The GBPJPY currency pair declined after the release of UK inflation data. In June, the market was closely watching for signs of cooling inflation, as the previous month’s increase had led the Bank of England (BoE) to raise interest rates by 50 bps. Although headline and core inflation came in below expectations last week, they still remain at elevated levels, which increases the likelihood of the BoE continuing its hiking policy, thereby bolstering the currency pair.
Additionally, Retail Sales in the UK showed a year-on-year increase, surpassing expectations, going from -2.3% to -1% instead of the anticipated -1.5%. However, the S&P Global PMIs for the UK, set to be released today, may limit the currency pair’s gains as both the Manufacturing and Services PMIs are expected to decline. The Manufacturing PMI is predicted to slow from 46.5 to 46.1, while the Services PMI is expected to drop from 53.7 to 53.
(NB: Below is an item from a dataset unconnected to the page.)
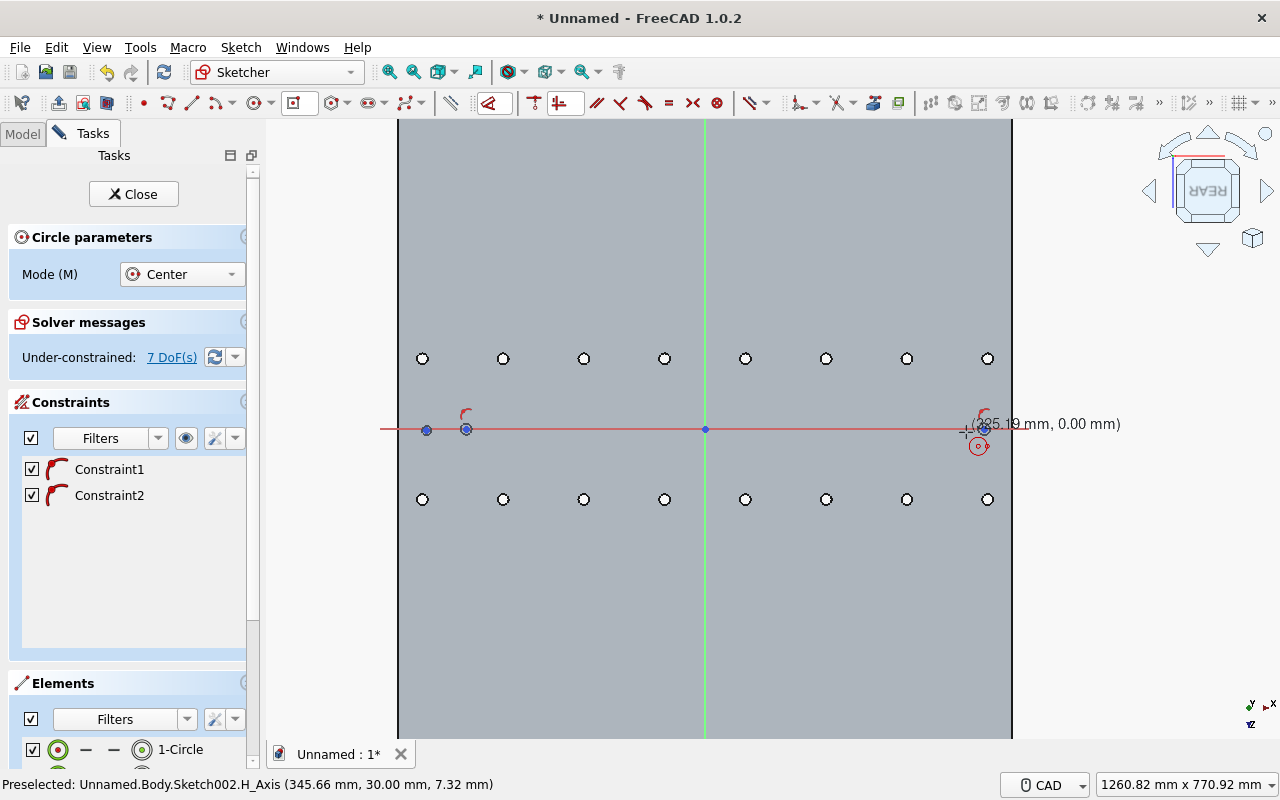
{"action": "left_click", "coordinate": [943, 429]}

The GBPJPY currency pair found its footing at the 179.801 major support, marking this level as a pivot point for upward momentum. A 1.1% rise in the price level saw the currency pair surge above the 50-day moving average and establish resistance at 182.471. If the leg up is sustained, the 182.471 resistance may be retested, which may mark the 183.798 major resistance as a pivot point for upward momentum.
However, weakening demand could encourage a drawback towards the 23.60% Fibonacci Retracement, which may promote the price level to retest the 181.451 support at the 38.20% Fibonacci Retracement, thereby continuing the downward momentum towards the 179.786 major support.
The GBPJPY currency pair surged after finding its feet at the 179.786 major support, establishing resistance at 182.471. If the upward momentum is sustained, this resistance level could be significant in furthering an upward trend; however, unfavourable PMI data could encourage a pullback towards the 179.786 major support.